Mas o fogo demora a acalmar-se em água. Mesmo na escala do Universo, leva um tempo
longo, todos os dias respirado na estrela que se põe no horizonte. Concentrei-me no pulsar
do oceano que ecoava no sopé da arriba. E assim vivi feliz, perto do céu, a almejar o dia da
minha transmutação e a admirar as aves que, recortadas na luz, entre a terra e o mar,
decoravam o firmamento.

A minha avó contava que naquela cisterna tinha vivido uma baleia. De facto, com algum
esforço, podia-se sentir ali uma atmosfera de aquário. A meia altura, nas paredes, até havia
mesmo aquela mancha esbranquiçada de argila, com forma de cachalote. Sorri ao imaginar
a cena.
– Como é possível, avó? Como se alimentava? – As pessoas traziam-lhe comida, agradecidas.
Porque foi a baleia que começou por escavar este sítio fundo na rocha e o encheu de água.

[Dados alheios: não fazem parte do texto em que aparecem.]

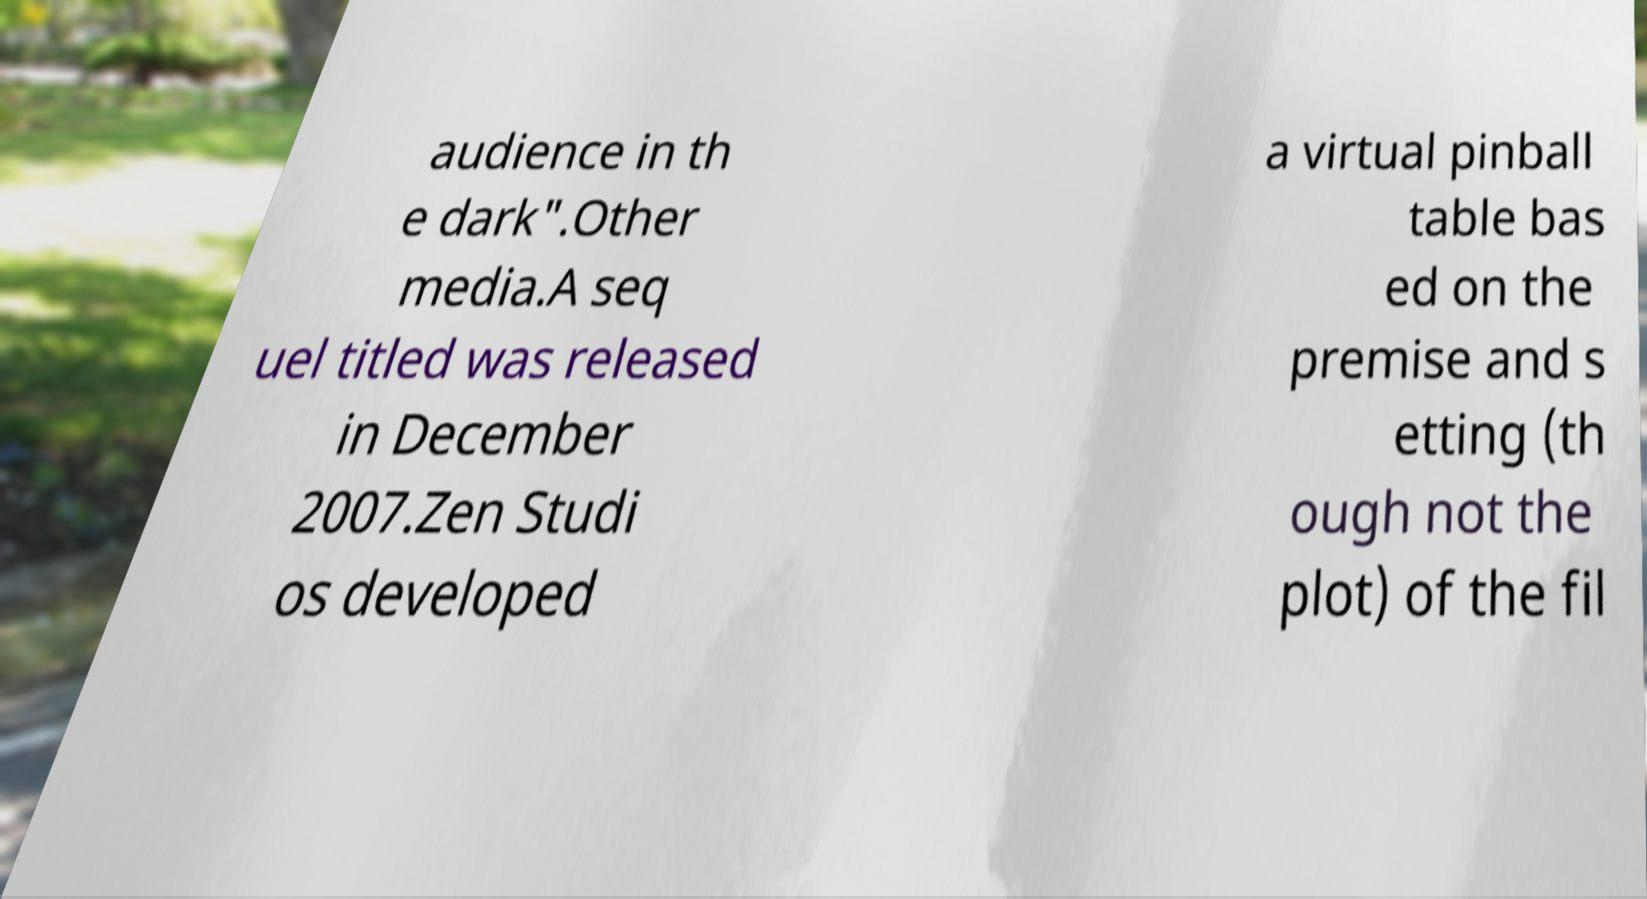Can you accurately transcribe the text from the provided image for me? audience in th e dark".Other media.A seq uel titled was released in December 2007.Zen Studi os developed a virtual pinball table bas ed on the premise and s etting (th ough not the plot) of the fil

Estava a gostar da história e mostrei o meu interesse: – Mas as baleias andam no mar, avó.
Como poderia ter aqui chegado? – Diz-se que veio do mar, numa noite de lua-cheia, com
uma maré muito viva que entrou pelo antigo ribeiro. Fugia e chorava muito, à procura de
um lugar para se esconder.
– Mas as baleias são grandes, avó. Como poderia ter aqui vivido? – Por isso mesmo, era tão
grande que não conseguiu sair, coitada. Depois as pessoas fizeram esta cisterna para ser a
casa dela e para conter as águas na profundidade necessária, porque o dragão do alto da
arriba zangou-se e estancou a nascente do ribeiro.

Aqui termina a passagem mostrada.